Therapeutic use, misuse, abuse, and diversion of controlled substances in managing chronic non-cancer pain remain a major concern for physicians, the government, payers, and patients. The challenge remains finding effective diagnostic tools that can be clinically validated to eliminate or substantially reduce the abuse of controlled prescription drugs, while still assuring the proper treatment of those patients in pain. Urine drug testing still remains an important means of adherence monitoring, but questions arise as to its relevance and effectiveness. This review examines the role of UDT, determines its utility in current clinical practice, and investigates its relevance in current chronic pain management.

Recent Findings

A review was conducted according to the Preferred Reporting Items for Systematic Reviews and Meta-Analyses (PRISMA) statement.
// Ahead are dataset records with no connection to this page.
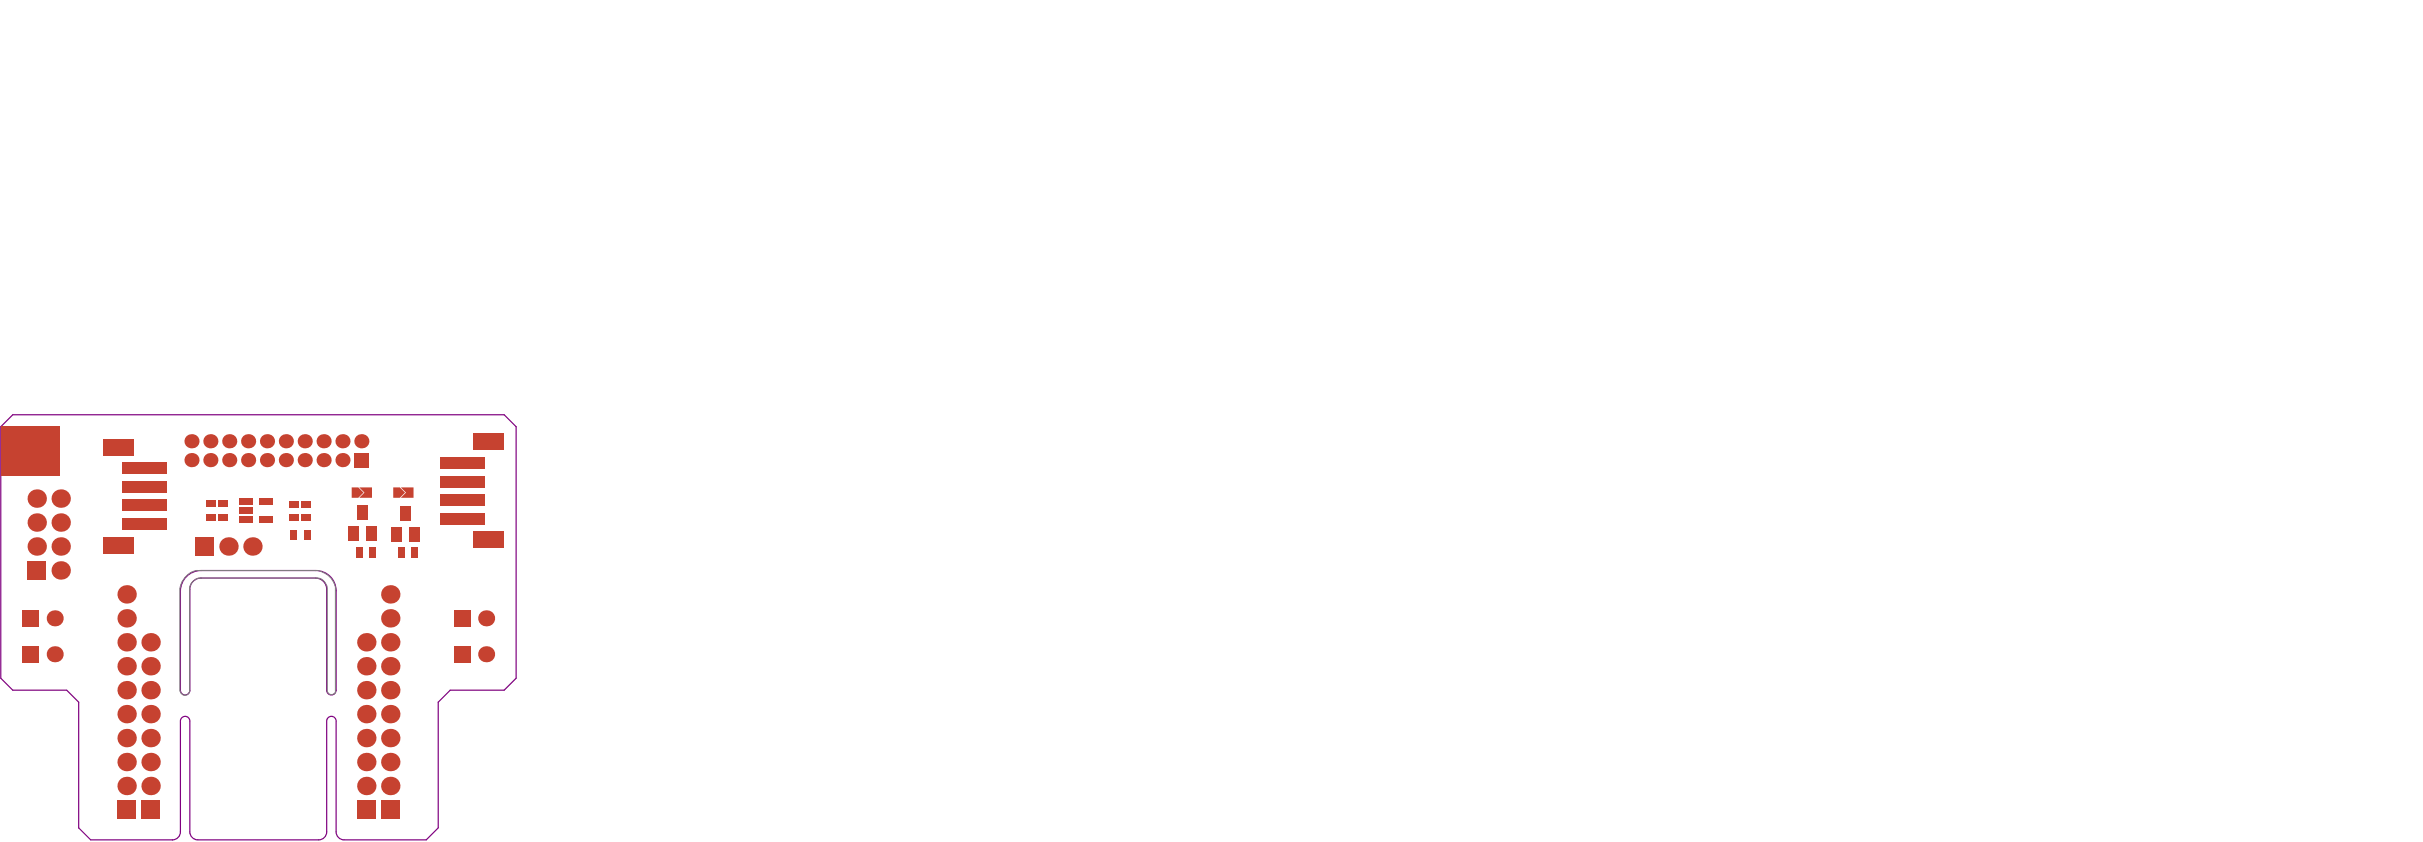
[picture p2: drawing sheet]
<svg xmlns="http://www.w3.org/2000/svg" width="855mm" height="297mm" viewBox="0 0 855 297" stroke-linecap="round" stroke-linejoin="round" font-family="sans-serif">
<path d="M65.4 203.8a7.3 7.3 0 0 1 5.6-2.5h40.4a7.1 7.1 0 0 1 7.2 7.1v35.1a1.66 1.66 0 0 1-1.7 1.7 1.66 1.66 0 0 1-1.7-1.7v-35.6a4 4 0 0 0-3.9-4h-40.4a4 4 0 0 0-3.9 4v35.6a1.66 1.66 0 0 1-1.7 1.7 1.66 1.66 0 0 1-1.7-1.7v-34.9a7.3 7.3 0 0 1 1.8-4.8zM63.6 254.5v39a2.82 2.82 0 0 1-2.8 2.8h-28.8l-4.2-4.2v-44.4l-4.3-4.2h-19l-4.2-4.2v-88.8l4.2-4.2h173.3l4.3 4.2v88.8l-4.3 4.2h-19l-4.2 4.2v44.4l-4.2 4.2h-29a2.82 2.82 0 0 1-2.8-2.8v-39M63.6 254.4a1.66 1.66 0 0 1 1.7-1.7 1.66 1.66 0 0 1 1.7 1.7M67 254.5v39a2.82 2.82 0 0 0 2.8 2.8h42.6a2.82 2.82 0 0 0 2.8-2.8v-39M115.2 254.4a1.66 1.66 0 0 1 1.7-1.7 1.66 1.66 0 0 1 1.7 1.7" fill="none" stroke="#800080" stroke-width=".42"/>
<g fill="#c64230">
<path d="M126.7 171.9h4.5v3.7h-4.5l1.9-1.8z"/>
<path d="M141.4 171.9h4.5v3.7h-4.5l1.8-1.8z"/>
<path d="M138.7 171.9h2.4l1.8 1.9-1.8 1.8h-2.4z"/>
<path d="M124.1 171.9h2.3l1.8 1.9-1.8 1.8h-2.3z"/>
</g>
<path d="M65.2 203.7l2.3-1.9 2-.6 42.8 .1a7.8 7.8 0 0 1 6 5.8v37.2a1.66 1.66 0 0 1-2.8-.3v-36.5a3.7 3.7 0 0 0-3.6-3.6h-41.8l-.7 .2a4.8 4.8 0 0 0-2.5 3.2v36.7a1.76 1.76 0 0 1-2 1.2 1.76 1.76 0 0 1-1.5-1.8v-35.8l.6-2z" fill="none" stroke="#808080" stroke-width=".35"/>
<g fill="#c64230">
<circle cx="67.6" cy="162.3" r="2.5"/>
<circle cx="67.6" cy="155.7" r="2.5"/>
<circle cx="74.2" cy="162.3" r="2.5"/>
<circle cx="74.2" cy="155.7" r="2.5"/>
<circle cx="80.9" cy="162.3" r="2.5"/>
<circle cx="80.9" cy="155.7" r="2.5"/>
<circle cx="87.5" cy="162.3" r="2.5"/>
<circle cx="87.5" cy="155.7" r="2.5"/>
<circle cx="100.8" cy="162.3" r="2.5"/>
<circle cx="107.5" cy="162.3" r="2.5"/>
<circle cx="114.2" cy="162.3" r="2.5"/>
<circle cx="100.8" cy="155.7" r="2.5"/>
<circle cx="107.5" cy="155.7" r="2.5"/>
<circle cx="114.2" cy="155.7" r="2.5"/>
<circle cx="127.5" cy="155.7" r="2.5"/>
<circle cx="19.3" cy="230.8" r="2.83"/>
<circle cx="21.4" cy="201.2" r="3.2"/>
<circle cx="21.4" cy="184.3" r="3.2"/>
<circle cx="21.4" cy="175.9" r="3.2"/>
<circle cx="53.1" cy="277.3" r="3.2"/>
<circle cx="44.7" cy="277.3" r="3.2"/>
<circle cx="53.1" cy="260.4" r="3.2"/>
<circle cx="53.1" cy="251.9" r="3.2"/>
<circle cx="44.7" cy="251.9" r="3.2"/>
<circle cx="44.7" cy="260.4" r="3.2"/>
<circle cx="53.1" cy="226.6" r="3.2"/>
<circle cx="53.1" cy="235" r="3.2"/>
<circle cx="44.7" cy="226.6" r="3.2"/>
<circle cx="44.7" cy="235" r="3.2"/>
<circle cx="44.7" cy="209.7" r="3.2"/>
<circle cx="129.2" cy="277.3" r="3.2"/>
<circle cx="137.7" cy="277.3" r="3.2"/>
<circle cx="129.2" cy="260.4" r="3.2"/>
<circle cx="129.2" cy="251.9" r="3.2"/>
<circle cx="137.7" cy="251.9" r="3.2"/>
<circle cx="137.7" cy="260.4" r="3.2"/>
<circle cx="129.2" cy="226.6" r="3.2"/>
<circle cx="129.2" cy="235" r="3.2"/>
<circle cx="137.7" cy="226.6" r="3.2"/>
<circle cx="137.7" cy="235" r="3.2"/>
<circle cx="137.7" cy="209.7" r="3.2"/>
<circle cx="171.5" cy="230.8" r="2.83"/>
<circle cx="19.3" cy="218.1" r="2.83"/>
<circle cx="21.4" cy="192.8" r="3.2"/>
<circle cx="53.1" cy="268.8" r="3.2"/>
<circle cx="53.1" cy="243.5" r="3.2"/>
<circle cx="44.7" cy="243.5" r="3.2"/>
<circle cx="44.7" cy="268.8" r="3.2"/>
<circle cx="44.7" cy="218.1" r="3.2"/>
<circle cx="89.1" cy="192.8" r="3.2"/>
<circle cx="80.6" cy="192.8" r="3.2"/>
<circle cx="129.2" cy="268.8" r="3.2"/>
<circle cx="129.2" cy="243.5" r="3.2"/>
<circle cx="137.7" cy="243.5" r="3.2"/>
<circle cx="137.7" cy="268.8" r="3.2"/>
<circle cx="137.7" cy="218.1" r="3.2"/>
<circle cx="171.5" cy="218.1" r="2.83"/>
<circle cx="94.2" cy="162.3" r="2.5"/>
<circle cx="94.2" cy="155.7" r="2.5"/>
<circle cx="120.8" cy="162.3" r="2.5"/>
<circle cx="120.8" cy="155.7" r="2.5"/>
<circle cx="13" cy="175.9" r="3.2"/>
<circle cx="13" cy="184.3" r="3.2"/>
<circle cx="13" cy="192.8" r="3.2"/>
</g>
<g fill="#c64230">
<path d="M160.2 228h5.7v5.6h-5.7z" fill-rule="evenodd"/>
<path d="M160.2 215.3h5.7v5.7h-5.7z" fill-rule="evenodd"/>
<path d="M125 159.8h5v5h-5z" fill-rule="evenodd"/>
<path d="M8 228h5.7v5.6h-5.7z" fill-rule="evenodd"/>
<path d="M49.9 282.5h6.5v6.5h-6.5z" fill-rule="evenodd"/>
<path d="M41.4 282.5h6.5v6.5h-6.5z" fill-rule="evenodd"/>
<path d="M126 282.5h6.5v6.5h-6.5z" fill-rule="evenodd"/>
<path d="M134.4 282.5h6.5v6.5h-6.5z" fill-rule="evenodd"/>
<path d="M8 215.3h5.7v5.7h-5.7z" fill-rule="evenodd"/>
<path d="M68.9 189.5h6.5v6.5h-6.5z" fill-rule="evenodd"/>
<path d="M9.7 198h6.5v6.5h-6.5z" fill-rule="evenodd"/>
<path d="M72.6 181.2h3.3v2.5h-3.3z" fill-rule="evenodd"/>
<path d="M72.6 176.6h3.3v2.4h-3.3z" fill-rule="evenodd"/>
<path d="M102.4 186.9h2.5v3.3h-2.5z" fill-rule="evenodd"/>
<path d="M107.1 186.9h2.4v3.3h-2.4z" fill-rule="evenodd"/>
<path d="M106.4 181.4h3.3v2.5h-3.3z" fill-rule="evenodd"/>
<path d="M106.4 176.8h3.3v2.4h-3.3z" fill-rule="evenodd"/>
<path d="M125.7 193.1h2.4v3.6h-2.4z" fill-rule="evenodd"/>
<path d="M140.5 193.1h2.4v3.6h-2.4z" fill-rule="evenodd"/>
<path d="M126.1 178.5h3.7v5h-3.7z" fill-rule="evenodd"/>
<path d="M141.1 178.8h3.7v4.9h-3.7z" fill-rule="evenodd"/>
<path d="M76.8 181.2h3.3v2.5h-3.3z" fill-rule="evenodd"/>
<path d="M84.4 182.1h4.6v2.3h-4.6z" fill-rule="evenodd"/>
<path d="M76.8 176.6h3.3v2.4h-3.3z" fill-rule="evenodd"/>
<path d="M84.4 175.8h4.6v2.3h-4.6z" fill-rule="evenodd"/>
<path d="M102.2 181.4h3.3v2.5h-3.3z" fill-rule="evenodd"/>
<path d="M102.2 176.8h3.3v2.4h-3.3z" fill-rule="evenodd"/>
<path d="M145.1 193.1h2.5v3.6h-2.5z" fill-rule="evenodd"/>
<path d="M130.3 193.1h2.5v3.6h-2.5z" fill-rule="evenodd"/>
<path d="M155.2 181.2h15.7v4h-15.7z" fill-rule="evenodd"/>
<path d="M155.2 174.5h15.7v4h-15.7z" fill-rule="evenodd"/>
<path d="M155.2 167.9h15.7v4h-15.7z" fill-rule="evenodd"/>
<path d="M155.2 161.2h15.7v4h-15.7z" fill-rule="evenodd"/>
<path d="M43.2 163h15.6v4h-15.6z" fill-rule="evenodd"/>
<path d="M43.2 169.7h15.6v4h-15.6z" fill-rule="evenodd"/>
<path d="M43.2 176.3h15.6v4h-15.6z" fill-rule="evenodd"/>
<path d="M43.2 183h15.6v4h-15.6z" fill-rule="evenodd"/>
<path d="M84.4 178.9h4.6v2.4h-4.6z" fill-rule="evenodd"/>
<path d="M138 186.1h3.6v5h-3.6z" fill-rule="evenodd"/>
<path d="M144.3 186.1h3.7v5h-3.7z" fill-rule="evenodd"/>
<path d="M123 185.8h3.6v5h-3.6z" fill-rule="evenodd"/>
<path d="M129.3 185.8h3.7v5h-3.7z" fill-rule="evenodd"/>
<path d="M91.7 182.1h4.6v2.3h-4.6z" fill-rule="evenodd"/>
<path d="M91.7 175.8h4.6v2.3h-4.6z" fill-rule="evenodd"/>
<path d="M166.9 152.9h10.6v6h-10.6z" fill-rule="evenodd"/>
<path d="M36.5 154.7h10.7v6h-10.7z" fill-rule="evenodd"/>
<path d="M36.5 189.3h10.7v6h-10.7z" fill-rule="evenodd"/>
<path d="M.5 150.3h20.7v17.3h-20.7z" fill-rule="evenodd"/>
<path d="M166.9 187.5h10.6v6h-10.6z" fill-rule="evenodd"/>
</g>
</svg>

Literature was searched from year 2000 to present examining the relevance and role of UDT in monitoring chronic opioid therapy along with reliability and accuracy, appropriate use, overuse, misuse, and abuse. There are only a limited number of reviews and investigations on UDT, despite the fact that clinicians who prescribe controlled medications for chronic states commonly are expected to utilize UDT. Therefore, despite highly prevalent use, there is a limited publication base from which to draw in this present study.

Summary

Regardless of experience or training background, physicians and healthcare providers can much more adequately assess opioid therapy with the aid of UDT, which often requires confirmatory testing by a laboratory for clinical and therapeutic prescribing decisions. It has become a strongly recommended aspect of pain care with controlled substances locally, regionally, and nationally. Incorporating UDT for all patients in whom chronic opioid therapy is undertaken is consistent with state and national guidelines and best practice strategies. Practice standards vary as to the frequency of UDT locally, regionally, and nationally, however.



中文翻译:

慢性疼痛尿液药物检测现状回顾:作为临床工具和抑制滥用仍然有效,还是神秘测试?

审查目的

治疗性使用、误用、滥用和转移受控物质在管理慢性非癌症疼痛中仍然是医生、政府、付款人和患者的主要关注点。挑战仍然是找到有效的诊断工具,这些工具可以通过临床验证来消除或大幅减少受控处方药的滥用,同时仍然确保对这些疼痛患者进行适当的治疗。尿液药物检测仍然是依从性监测的重要手段,但其相关性和有效性出现了问题。本综述检查 UDT 的作用,确定其在当前临床实践中的效用,并调查其在当前慢性疼痛管理中的相关性。

最近的发现

根据系统评价和元分析的首选报告项目 (PRISMA) 声明进行了审查。检索了 2000 年的文献,以检查 UDT 在监测慢性阿片类药物治疗中的相关性和作用,以及可靠性和准确性、适当使用、过度使用、误用和滥用。尽管预期为慢性病开出受控药物的临床医生通常会使用 UDT,但关于 UDT 的审查和调查数量有限。因此,尽管使用非常普遍,但在本研究中可借鉴的出版物基础有限。

概括

无论经验或培训背景如何,医生和医疗保健提供者都可以在 UDT 的帮助下更充分地评估阿片类药物治疗,这通常需要实验室进行确认性测试以做出临床和治疗处方决定。它已成为地方、区域和全国范围内强烈推荐使用受控物质进行疼痛护理的一个方面。对所有接受慢性阿片类药物治疗的患者合并 UDT 符合州和国家指南以及最佳实践策略。然而,当地、地区和国家的 UDT 频率的实践标准各不相同。